Evet, iktidar ve muhalefet artık birbirini suçlamaktan vazgeçmeli… Her iki kesimin siyasi mevcudiyetinin bulunduğu, yerel, kırsal ve kentsel hâkimiyet merkezleri var. Buralarda bölge insanına ihtiyacı olan maske v.b. koruyucu malzemeleri ücretsiz karşılamalıdırlar. Buralarda oy kaygısı güdülmemeli. Siz yapın iyiliğinizi, yapın fedakârlığınızı, yapın babalığınızı, doyurun açlarınızı, balık bilmezse, inanın Halik bilecektir.

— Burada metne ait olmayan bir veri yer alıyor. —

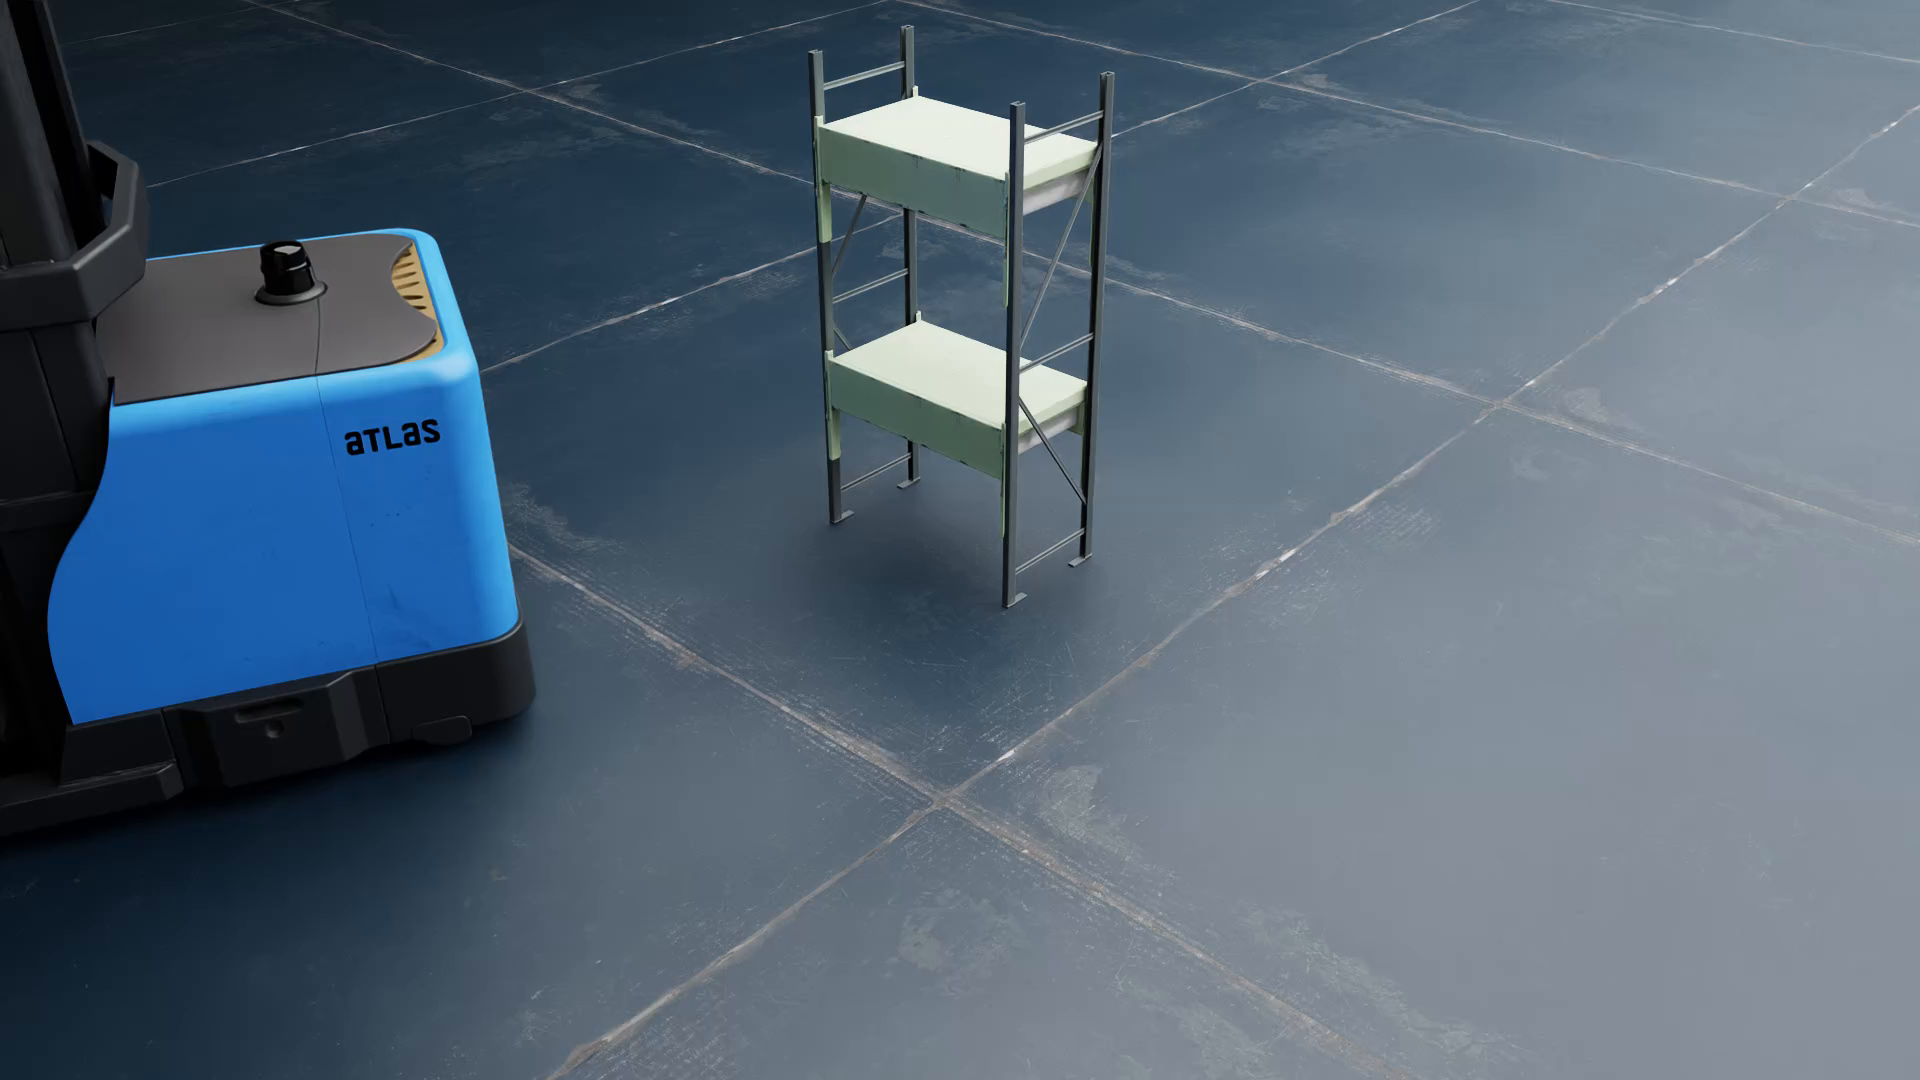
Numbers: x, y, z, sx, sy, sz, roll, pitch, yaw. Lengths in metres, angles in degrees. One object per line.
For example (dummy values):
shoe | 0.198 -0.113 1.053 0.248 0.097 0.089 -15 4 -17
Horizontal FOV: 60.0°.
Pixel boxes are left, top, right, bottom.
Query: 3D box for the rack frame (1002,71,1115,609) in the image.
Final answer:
rack frame | 0.266 -0.518 4.657 0.023 1.500 0.400 25 39 35

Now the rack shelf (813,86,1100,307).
rack shelf | -0.005 -0.979 4.666 0.720 0.370 0.431 25 39 35

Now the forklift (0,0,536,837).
forklift | -2.699 -0.713 3.592 3.031 2.935 1.130 -11 33 -18

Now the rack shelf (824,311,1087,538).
rack shelf | -0.005 -0.366 5.035 0.720 0.370 0.431 25 39 35

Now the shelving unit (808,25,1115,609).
shelving unit | -0.005 -0.645 4.867 0.755 1.500 0.431 25 39 35

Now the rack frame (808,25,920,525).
rack frame | -0.276 -0.772 5.077 0.023 1.500 0.400 25 39 35
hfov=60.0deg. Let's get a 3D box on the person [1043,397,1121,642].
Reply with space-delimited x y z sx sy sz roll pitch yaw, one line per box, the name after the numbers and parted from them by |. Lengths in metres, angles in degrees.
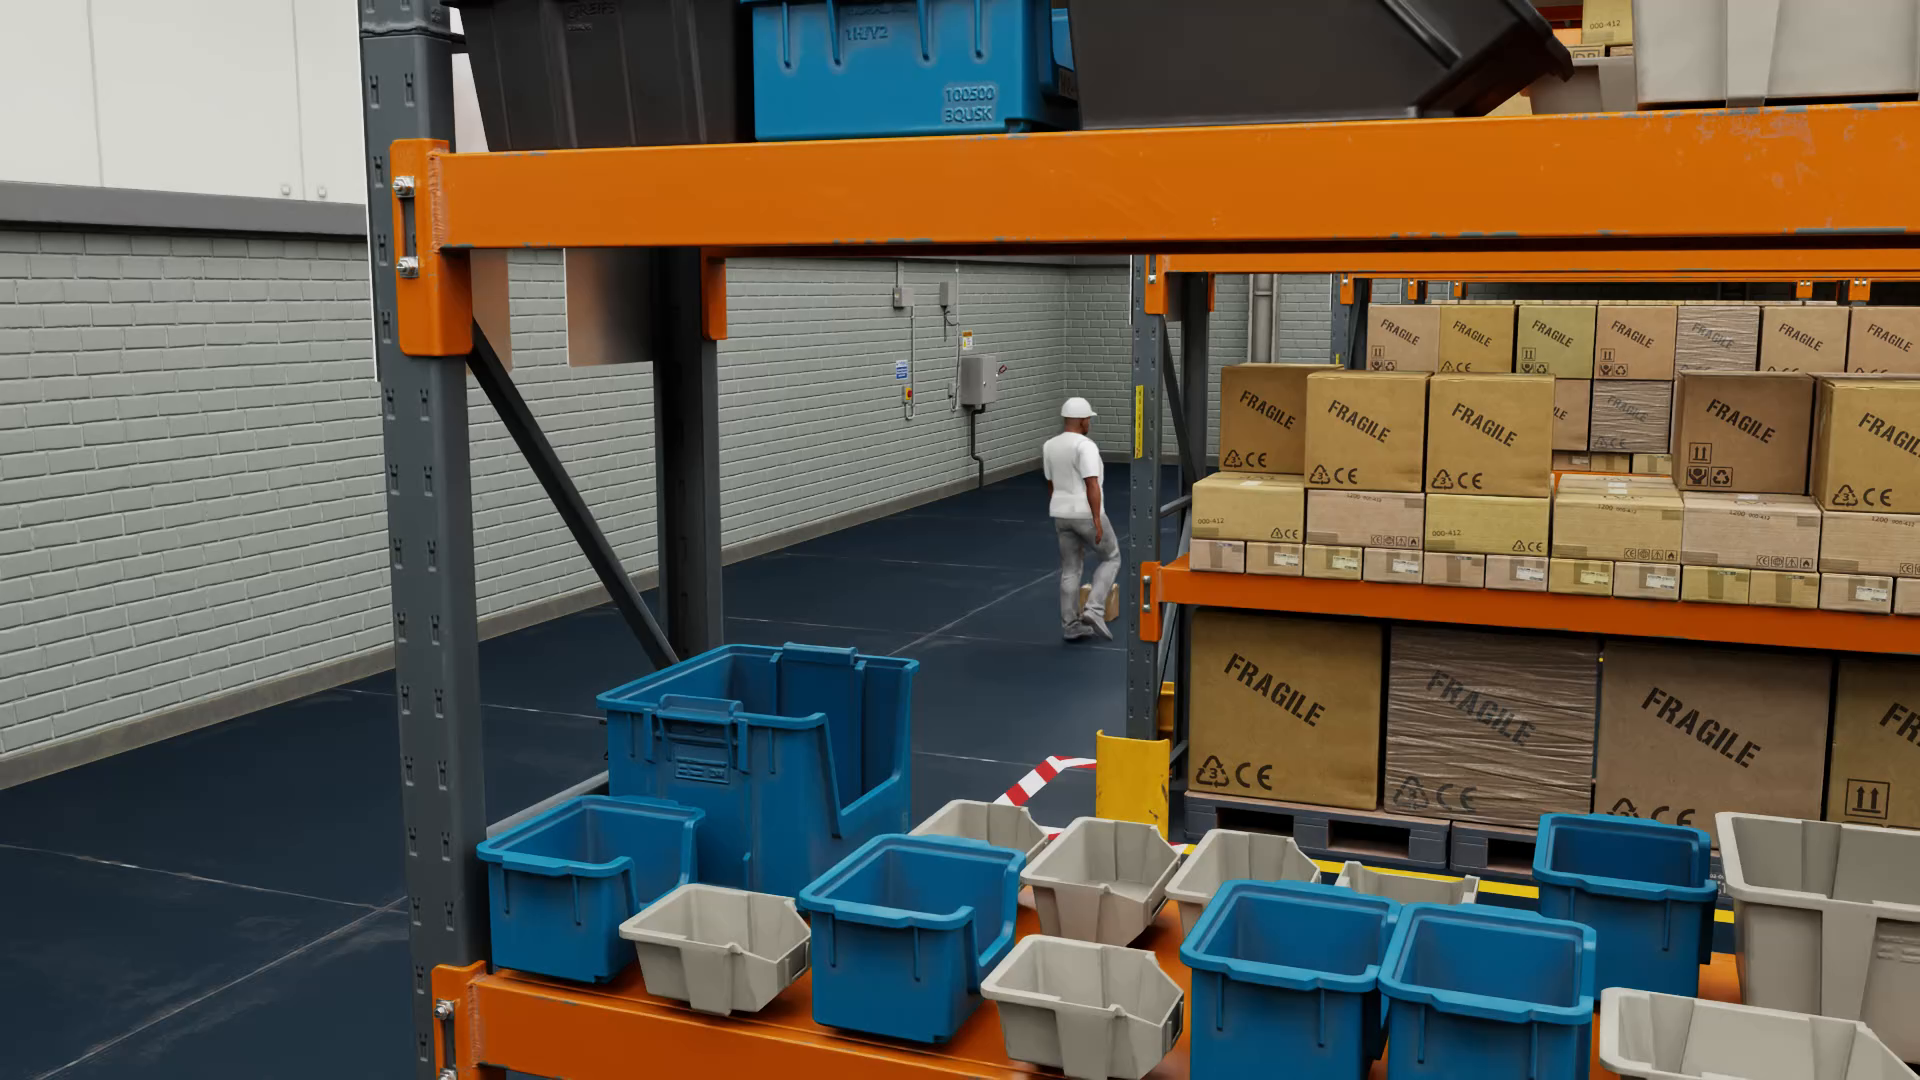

Oy endişesi, sen ben kavgası, duygu sömürüsü, “Partiye üye olursanız iş veririz, aş veririm, hastanıza hastanede yer buluruz, yoksa engellileri koruruz” sözleri… Bunları unutalım… Gerçi biz unutsak da, Allah bunları unutmaz.

COVİD-19’ a (Koronavirüs) karşı tedbir, ne vukufsuzlukta ne de çaresizlikte. Çare; “Nekahetten kurtulmak isteyen hastanın başında, miras kavgası yapan varisler” gibi, oy kaygısı ve kavgası ile davranmaktan vazgeçip, iktidar ve muhalefetin beraber olup, TBBM’de kalıcı ve köklü çözüm getirmesindedir. Ülkemizin istikbal ve istiklali için, ferasetten ve basiretten ayrılmayalım. Birbirini yıkayan iki el gibi olalım.